### EXERCISE DETAILS
Output a verbatim copy of the data, cut off after the line that contains "Answer yes or no. No. Does Burlywood".

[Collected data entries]
------
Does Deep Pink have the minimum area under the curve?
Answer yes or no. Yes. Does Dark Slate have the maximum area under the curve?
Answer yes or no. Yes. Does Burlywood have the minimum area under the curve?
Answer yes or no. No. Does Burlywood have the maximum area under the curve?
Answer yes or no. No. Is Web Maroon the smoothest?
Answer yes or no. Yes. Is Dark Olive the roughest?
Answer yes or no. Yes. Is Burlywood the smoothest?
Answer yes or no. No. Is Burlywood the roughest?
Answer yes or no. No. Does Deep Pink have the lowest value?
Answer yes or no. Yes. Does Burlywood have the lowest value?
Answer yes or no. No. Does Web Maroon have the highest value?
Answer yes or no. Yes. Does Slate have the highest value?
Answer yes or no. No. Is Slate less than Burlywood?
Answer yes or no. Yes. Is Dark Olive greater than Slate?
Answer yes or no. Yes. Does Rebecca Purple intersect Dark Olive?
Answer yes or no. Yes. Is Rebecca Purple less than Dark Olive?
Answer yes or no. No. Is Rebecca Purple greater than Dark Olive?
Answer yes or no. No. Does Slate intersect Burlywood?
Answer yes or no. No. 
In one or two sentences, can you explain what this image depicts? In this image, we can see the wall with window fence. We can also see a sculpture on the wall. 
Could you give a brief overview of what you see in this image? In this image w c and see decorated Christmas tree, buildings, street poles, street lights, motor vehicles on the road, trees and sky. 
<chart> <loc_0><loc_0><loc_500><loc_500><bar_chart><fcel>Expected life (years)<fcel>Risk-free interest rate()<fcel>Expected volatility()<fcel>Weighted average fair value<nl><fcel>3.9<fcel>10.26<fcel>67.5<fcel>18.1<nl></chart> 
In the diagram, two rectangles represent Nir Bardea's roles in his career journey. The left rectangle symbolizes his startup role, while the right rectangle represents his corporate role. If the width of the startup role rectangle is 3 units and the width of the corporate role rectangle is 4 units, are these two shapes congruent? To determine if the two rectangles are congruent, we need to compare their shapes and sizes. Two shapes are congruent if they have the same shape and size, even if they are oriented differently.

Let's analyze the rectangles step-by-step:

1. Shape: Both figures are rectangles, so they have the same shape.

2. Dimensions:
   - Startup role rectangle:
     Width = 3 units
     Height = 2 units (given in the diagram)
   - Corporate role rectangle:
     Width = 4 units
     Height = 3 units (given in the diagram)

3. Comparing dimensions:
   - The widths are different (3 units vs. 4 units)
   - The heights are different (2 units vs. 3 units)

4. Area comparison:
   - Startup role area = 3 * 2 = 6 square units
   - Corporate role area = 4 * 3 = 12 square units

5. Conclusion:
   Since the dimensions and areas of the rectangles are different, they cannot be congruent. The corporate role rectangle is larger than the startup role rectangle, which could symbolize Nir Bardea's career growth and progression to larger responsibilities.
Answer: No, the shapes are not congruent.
------
### WRITTEN ANSWER
Does Deep Pink have the minimum area under the curve?
Answer yes or no. Yes. Does Dark Slate have the maximum area under the curve?
Answer yes or no. Yes. Does Burlywood have the minimum area under the curve?
Answer yes or no. No. Does Burlywood have the maximum area under the curve?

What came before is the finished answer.